The Hurst family, Naomi, David (serving) and two-year-old Dorothy share a slice of their army life in South Asia…

How long have you been an army family?

Nearly six years.

Time in India?

One year at the Defence Services Staff College, located three hours from the nearest city, at 2,000m, surrounded by tea plantations and eucalyptus forests in the Nilgiris Mountains in Tamil Nadu.

Are there any other military families there?

There’s us and a Royal Navy and RAF family. There are lots of Indian military families and forty international officers, about half accompanied by their families including from Iran, Vietnam, Malaysia, South Korea and Bhutan.

What’s your quarter like?

It’s a large ground floor flat with plenty of space and a lovely garden, however, it’s definitely not water-tight!

The human waste drainage leaves a lot to be desired. When the weather is good it’s fine, but terrible in the monsoon.

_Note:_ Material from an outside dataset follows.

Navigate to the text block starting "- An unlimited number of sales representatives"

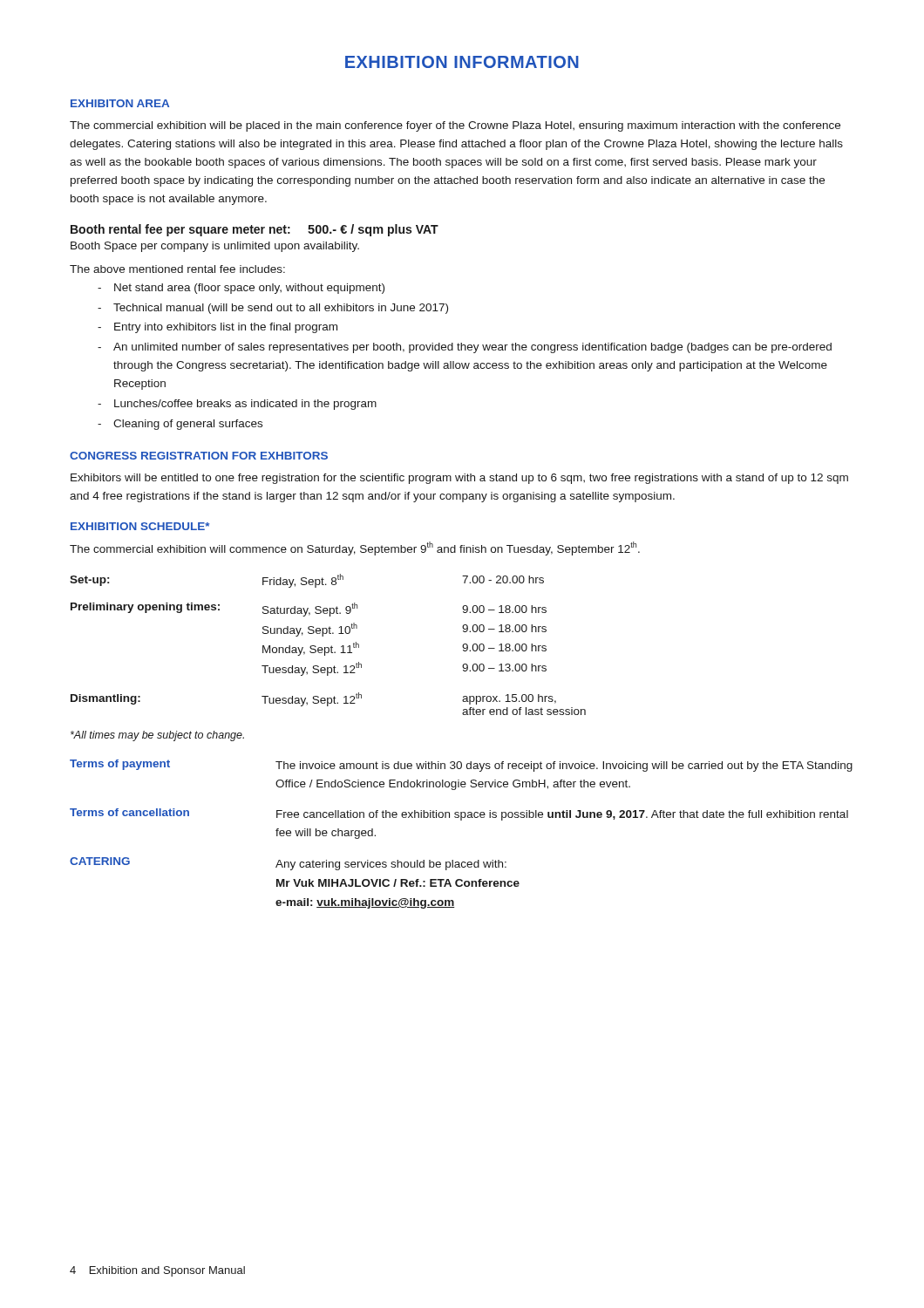pos(465,364)

We have a lovely peach tree, but the monkey troop hasn’t let us near a single one! It sounds worse than it is, we love it.

Are there any employment opportunities?

Unfortunately not. There are great sporting activities that are really cheap such as tennis, golf and equestrian lessons.

Naomi went further afield to Mysore and qualified as a 500-hour yoga instructor.

What about schools and childcare?

Dorothy is pre-school age, but there’s a great international school 45 minutes away in Ooty. There are no pre-school type activities, but the house has a live-in nanny/maid who is incredible.

The Indian parenting style is very different, but the nanny has had many years of experience with British children.

Where do army families get together?

Indians love to party, but they generally start around 10pm and go through to 4 or 5am! There’s generally always a
festival at the weekend, which is a blessing and a curse. Many of the international families host parties on a national day. We hosted a Guy Fawkes’ night, which was great fun.

Who supports families?

You’re very much out on a limb as the Defence Section and British High Commission is a flight away in New Delhi. The support network between the international families is hugely important to share stories of daily challenges and victories!

What are the best things about living in India?

David: The mountains, food and every single day feeling like it’s a huge adventure.
Naomi: Yoga, travel, food and the constant sensory overload.
Dorothy: Monkeys, tigers, leopards and elephants.

Would you recommend it as a family posting?

Definitely. We’d make the same decision in a heartbeat.

It isn’t for every family but if you have a genuine sense of adventure and can handle a little discomfort, then it’s fantastic.